In some cases, this has meant joining forces not only with other healthcare providers but also with community resources like the Salem Armory in Salem, where National Guard members are helping with the vaccination effort. All three doctors we talked to praised the state health department for giving South Dakota's health systems the authority to take the vaccination ball and run with it.
"We are giving vaccinations to everyone anyway," says Cauwels. "It made sense to work with the infrastructure that already exists. The state decided not to get bogged down in the details and to let those who already know how to do this do what they are good at."
Sharing the Burden
The COVID-19 effort has not only required a high level of communication between the state's major health systems, but also significant cooperation to keep the state on track. When, having overcome some logistical challenges, Monument Health finished vaccinating one of the priority groups before the East River health systems had reached that point, Monument agreed to share some of their allocation so the other systems could catch up.
"This allowed us to all be in the same place, so that we could all move on to the next phase together," says Dr. Kurra. "At no point during our discussions did any of the health systems look at this in any other way than 'how can we collaborate to meet this challenge?' It was remarkable and heartening to see.
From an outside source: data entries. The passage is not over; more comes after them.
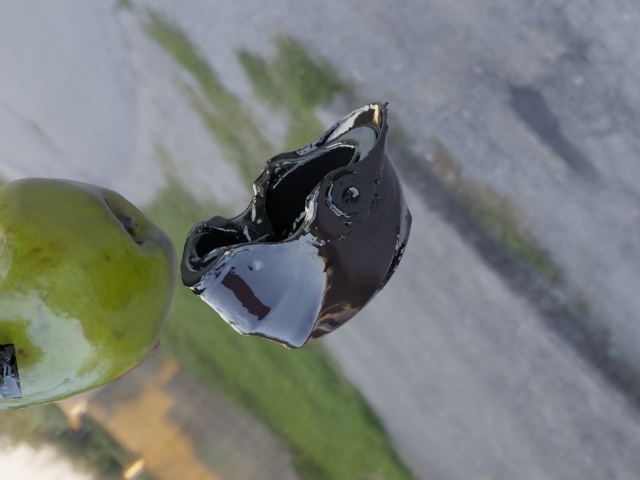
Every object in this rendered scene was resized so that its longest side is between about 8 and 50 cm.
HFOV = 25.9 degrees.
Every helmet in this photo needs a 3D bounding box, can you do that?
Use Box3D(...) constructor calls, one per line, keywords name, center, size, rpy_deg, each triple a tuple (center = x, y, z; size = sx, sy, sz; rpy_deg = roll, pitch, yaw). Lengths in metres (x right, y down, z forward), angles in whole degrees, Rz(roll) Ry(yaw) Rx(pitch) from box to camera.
Box3D(name="helmet", center=(0.000, 0.000, 1.577), size=(0.177, 0.305, 0.225), rpy_deg=(54, 174, -15))

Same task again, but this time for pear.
Box3D(name="pear", center=(-0.359, 0.077, 1.704), size=(0.287, 0.375, 0.287), rpy_deg=(57, -169, -17))

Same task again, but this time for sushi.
Box3D(name="sushi", center=(-0.373, 0.143, 1.520), size=(0.084, 0.083, 0.056), rpy_deg=(112, 148, -69))
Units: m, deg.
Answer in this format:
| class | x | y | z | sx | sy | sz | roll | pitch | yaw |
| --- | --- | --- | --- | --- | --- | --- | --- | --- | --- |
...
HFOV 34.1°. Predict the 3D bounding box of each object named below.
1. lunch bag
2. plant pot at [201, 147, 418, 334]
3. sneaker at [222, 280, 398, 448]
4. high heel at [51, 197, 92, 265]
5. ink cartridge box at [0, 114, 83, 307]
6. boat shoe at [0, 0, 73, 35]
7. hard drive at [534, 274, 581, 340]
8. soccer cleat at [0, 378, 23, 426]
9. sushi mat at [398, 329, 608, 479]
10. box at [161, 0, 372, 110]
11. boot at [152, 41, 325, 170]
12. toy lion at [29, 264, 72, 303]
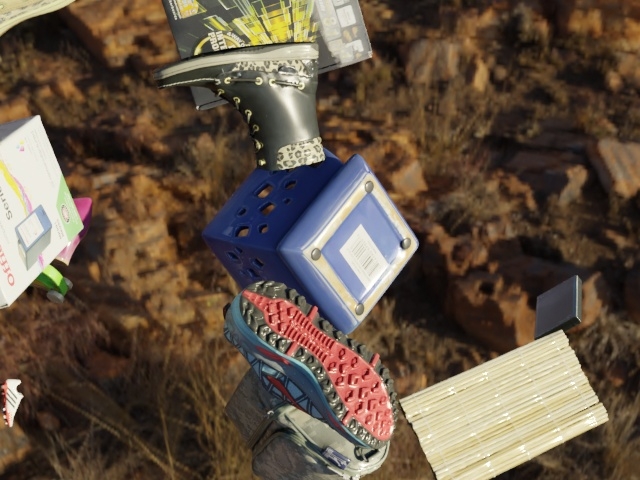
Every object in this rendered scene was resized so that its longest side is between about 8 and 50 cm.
| class | x | y | z | sx | sy | sz | roll | pitch | yaw |
| --- | --- | --- | --- | --- | --- | --- | --- | --- | --- |
| lunch bag | -0.013 | 0.326 | 1.847 | 0.212 | 0.305 | 0.256 | -26 | 75 | -27 |
| plant pot | 0.000 | 0.000 | 1.621 | 0.212 | 0.236 | 0.236 | 12 | 56 | 49 |
| sneaker | -0.014 | 0.158 | 1.294 | 0.262 | 0.125 | 0.104 | 47 | 55 | -6 |
| high heel | -0.496 | -0.042 | 1.728 | 0.244 | 0.082 | 0.117 | 13 | 71 | 23 |
| ink cartridge box | -0.368 | -0.031 | 1.172 | 0.093 | 0.154 | 0.212 | -11 | 21 | 17 |
| boat shoe | -0.314 | -0.281 | 1.069 | 0.104 | 0.089 | 0.285 | 44 | 72 | 2 |
| hard drive | 0.445 | 0.130 | 1.948 | 0.022 | 0.094 | 0.135 | 46 | 31 | -16 |
| soccer cleat | -0.511 | 0.269 | 1.730 | 0.035 | 0.083 | 0.029 | -7 | 14 | -25 |
| sushi mat | 0.268 | 0.244 | 1.499 | 0.316 | 0.019 | 0.151 | -18 | 71 | -28 |
| box | -0.116 | -0.451 | 1.755 | 0.318 | 0.395 | 0.097 | -16 | 10 | 5 |
| boot | -0.108 | -0.182 | 1.474 | 0.236 | 0.179 | 0.085 | -10 | 14 | -10 |
| toy lion | -0.387 | 0.036 | 1.379 | 0.100 | 0.096 | 0.034 | 15 | 58 | 19 |
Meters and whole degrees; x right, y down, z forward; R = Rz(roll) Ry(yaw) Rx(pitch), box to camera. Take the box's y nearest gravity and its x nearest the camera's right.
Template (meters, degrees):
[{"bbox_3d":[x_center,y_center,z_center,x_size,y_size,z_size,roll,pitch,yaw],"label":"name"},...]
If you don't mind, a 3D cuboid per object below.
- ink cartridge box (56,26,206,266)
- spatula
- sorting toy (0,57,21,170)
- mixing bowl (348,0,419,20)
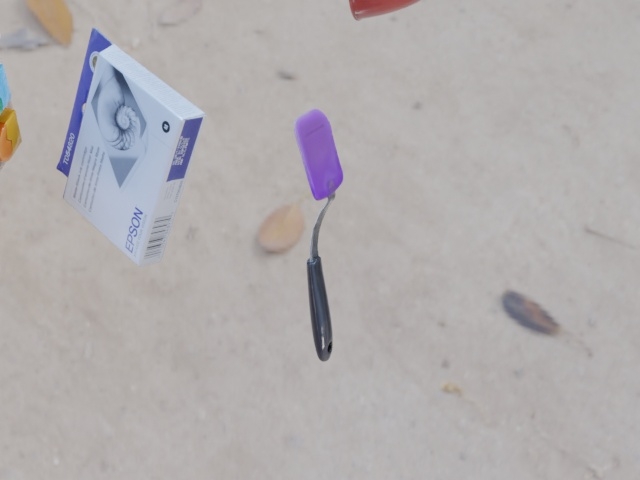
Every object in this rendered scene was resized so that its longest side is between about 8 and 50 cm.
[{"bbox_3d":[-0.255,-0.118,1.570,0.224,0.223,0.045,38,35,28],"label":"ink cartridge box"},{"bbox_3d":[0.000,0.000,1.408,0.030,0.296,0.084,9,24,22],"label":"spatula"},{"bbox_3d":[-0.412,-0.119,1.518,0.038,0.208,0.193,15,51,6],"label":"sorting toy"},{"bbox_3d":[0.101,-0.374,1.638,0.098,0.181,0.181,6,49,12],"label":"mixing bowl"}]
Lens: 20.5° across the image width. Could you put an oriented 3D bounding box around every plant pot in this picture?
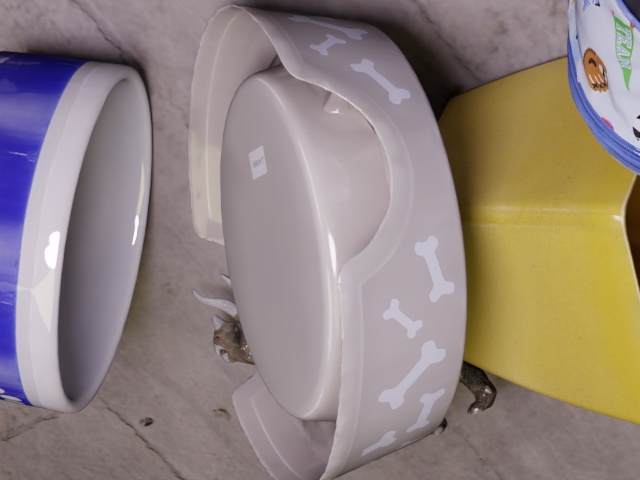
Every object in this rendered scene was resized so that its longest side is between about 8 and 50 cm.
[{"bbox_3d":[0.177,-0.010,1.314,0.187,0.212,0.212,2,132,27],"label":"plant pot"}]

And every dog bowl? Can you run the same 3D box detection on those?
[{"bbox_3d":[0.000,0.000,1.272,0.102,0.349,0.349,-8,135,-19],"label":"dog bowl"},{"bbox_3d":[-0.210,-0.008,1.339,0.104,0.265,0.265,9,132,7],"label":"dog bowl"}]

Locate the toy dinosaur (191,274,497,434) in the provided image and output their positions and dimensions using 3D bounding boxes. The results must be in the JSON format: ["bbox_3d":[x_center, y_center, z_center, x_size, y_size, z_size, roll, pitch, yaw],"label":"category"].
[{"bbox_3d":[0.059,0.081,1.457,0.313,0.121,0.160,-14,95,6],"label":"toy dinosaur"}]

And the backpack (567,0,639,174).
[{"bbox_3d":[0.269,-0.143,1.127,0.276,0.263,0.213,7,132,4],"label":"backpack"}]
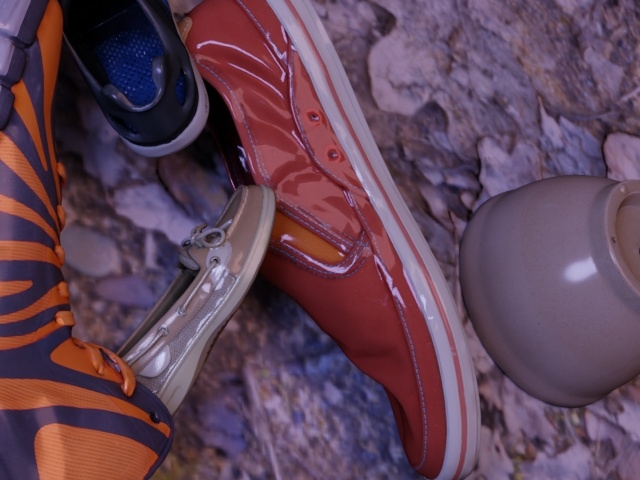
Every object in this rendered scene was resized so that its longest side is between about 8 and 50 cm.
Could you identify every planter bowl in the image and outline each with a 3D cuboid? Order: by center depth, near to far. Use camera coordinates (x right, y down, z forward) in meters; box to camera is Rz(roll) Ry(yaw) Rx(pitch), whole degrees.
[{"bbox_3d":[0.191,0.021,1.115,0.162,0.109,0.162,19,57,-33],"label":"planter bowl"}]

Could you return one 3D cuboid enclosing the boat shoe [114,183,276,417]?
[{"bbox_3d":[-0.075,0.031,0.897,0.048,0.056,0.153,31,85,-15],"label":"boat shoe"}]

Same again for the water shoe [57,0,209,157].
[{"bbox_3d":[-0.122,-0.141,0.916,0.073,0.080,0.203,-32,65,-2],"label":"water shoe"}]

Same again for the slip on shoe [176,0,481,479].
[{"bbox_3d":[0.000,0.000,0.980,0.101,0.123,0.331,-26,91,-13],"label":"slip on shoe"}]

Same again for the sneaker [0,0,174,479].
[{"bbox_3d":[-0.158,0.025,0.830,0.180,0.124,0.321,32,58,-32],"label":"sneaker"}]
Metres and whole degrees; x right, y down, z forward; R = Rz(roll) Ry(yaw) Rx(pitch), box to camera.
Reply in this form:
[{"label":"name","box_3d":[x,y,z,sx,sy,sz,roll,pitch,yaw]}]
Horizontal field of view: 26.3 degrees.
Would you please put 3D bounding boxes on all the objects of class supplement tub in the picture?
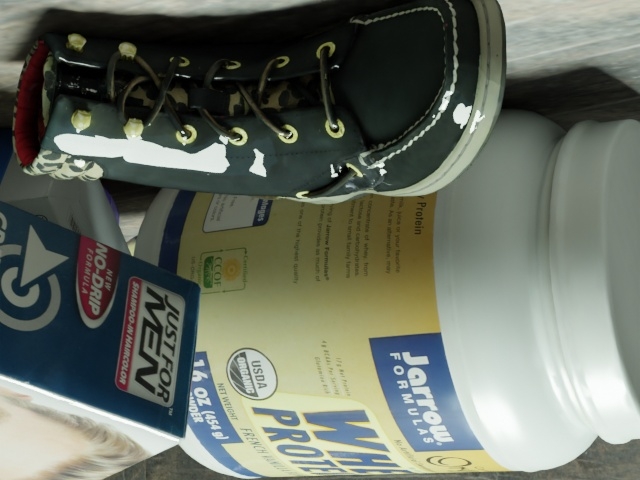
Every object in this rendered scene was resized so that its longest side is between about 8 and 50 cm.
[{"label":"supplement tub","box_3d":[0.062,0.037,0.893,0.316,0.228,0.228,-7,171,28]}]

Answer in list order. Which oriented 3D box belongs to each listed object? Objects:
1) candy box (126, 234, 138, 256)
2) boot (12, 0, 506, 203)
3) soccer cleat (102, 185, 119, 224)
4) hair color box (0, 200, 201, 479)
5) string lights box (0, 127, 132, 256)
[{"label":"candy box","box_3d":[-0.198,0.094,1.094,0.316,0.087,0.183,-34,180,22]},{"label":"boot","box_3d":[-0.037,-0.065,0.647,0.179,0.085,0.236,4,171,-24]},{"label":"soccer cleat","box_3d":[-0.197,-0.014,1.042,0.095,0.083,0.248,-26,-178,-31]},{"label":"hair color box","box_3d":[-0.256,0.039,0.745,0.347,0.105,0.174,25,143,-32]},{"label":"string lights box","box_3d":[-0.267,0.006,0.889,0.260,0.076,0.133,-4,134,12]}]

The best part is that we prevented long-term consequences for South Dakotans so we have a healthier state."
"The Ebola scare a few years ago required the same type of tabletop discussions, but it never required this level of implementation because it never came to fruition," says Dr. Cauwels. "I don't think there has ever been anything that has encompassed as many people as have been involved in this effort."
"This experience has allowed us to build additional relationships at multiple levels at all of the organizations," says Dr. Erickson. "Ultimately that is going to benefit every organization in the state as well as the people of South Dakota. From that standpoint, I think it is a very positive thing."